Improvements in agriculture inputs and modernization of post-harvest process require significant financing and investment. Growers get only a small fraction of value of what they produce, making it difficult for them to make these investments. Middlemen finance farmers and take the lion's share of profits in the value chain.
|Source: FAO via Kleffmann Group|
Most of the farmers sell their produce to wholesalers via middlemen called arthis, according to an ADB report. Farmers contract out fruit orchards during the flowering stage to the middlemen (arthis), commission agent, and/or wholesalers who provide loans to the farmers over the course of production. Vegetables and fruits are transported by the same cart or truck from farms to the main markets in the absence of specialized vehicles for specific products. The same vehicle is used for many other purposes including animal transportation. Recently however, reefer (refrigerated) trucks have been introduced on a limited scale in some parts of Pakistan. In the absence of direct access of carrier vehicles to the farms, farmers gather their products in a convenient spot along the roadside for pickup. When middlemen or contractors are involved, it is their responsibility to collect and transport the produce. The unsold produce in one market is sent to other markets in the same locality.

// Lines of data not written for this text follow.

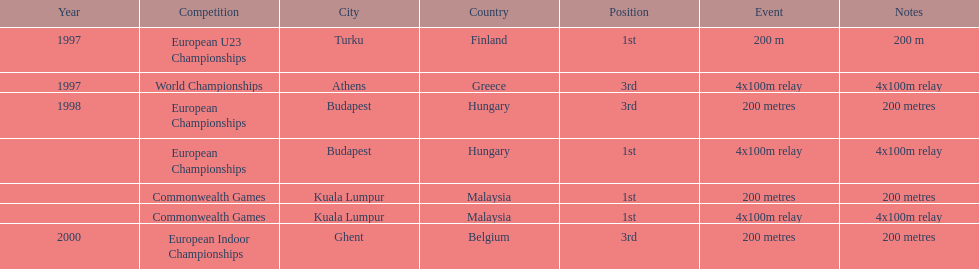How many 4x 100m relays were run? 3. 
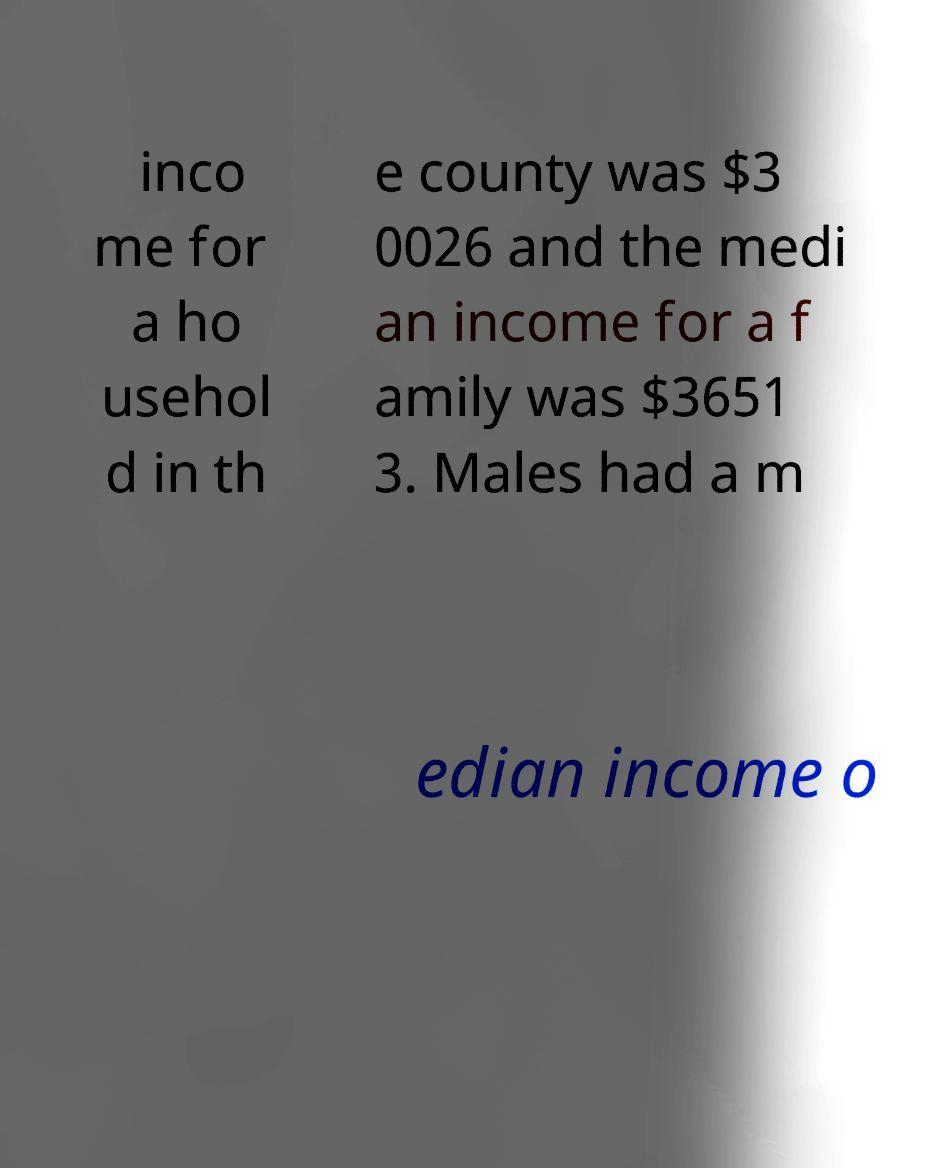Could you assist in decoding the text presented in this image and type it out clearly? inco me for a ho usehol d in th e county was $3 0026 and the medi an income for a f amily was $3651 3. Males had a m edian income o 
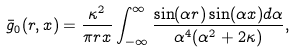Convert formula to latex. <formula><loc_0><loc_0><loc_500><loc_500>\bar { g } _ { 0 } ( r , x ) = \frac { \kappa ^ { 2 } } { \pi r x } \int _ { - \infty } ^ { \infty } \frac { \sin ( \alpha r ) \sin ( \alpha x ) d \alpha } { \alpha ^ { 4 } ( \alpha ^ { 2 } + 2 \kappa ) } ,</formula> 
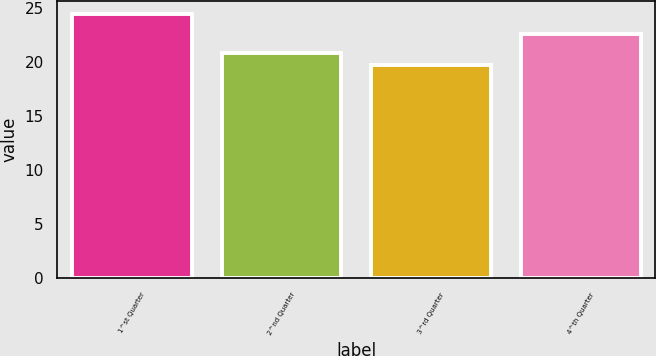Convert chart. <chart><loc_0><loc_0><loc_500><loc_500><bar_chart><fcel>1^st Quarter<fcel>2^nd Quarter<fcel>3^rd Quarter<fcel>4^th Quarter<nl><fcel>24.44<fcel>20.88<fcel>19.78<fcel>22.58<nl></chart>

|Date Palms in Sindh, Pakistan. Photo: Emmanuel Guddu|
Investments in modernization of the agriculture production process and farm-to-market value chain will require major reforms to ensure growers get a bigger share of the value. The extraordinary power of the middlemen (arthis) as financiers needs to be regulated. This can not happen without legislation in close consultation with the growers. Improving agriculture inputs and modernizing value chains can help raise the productivity of the farm sector for it to serve both domestic and export markets better.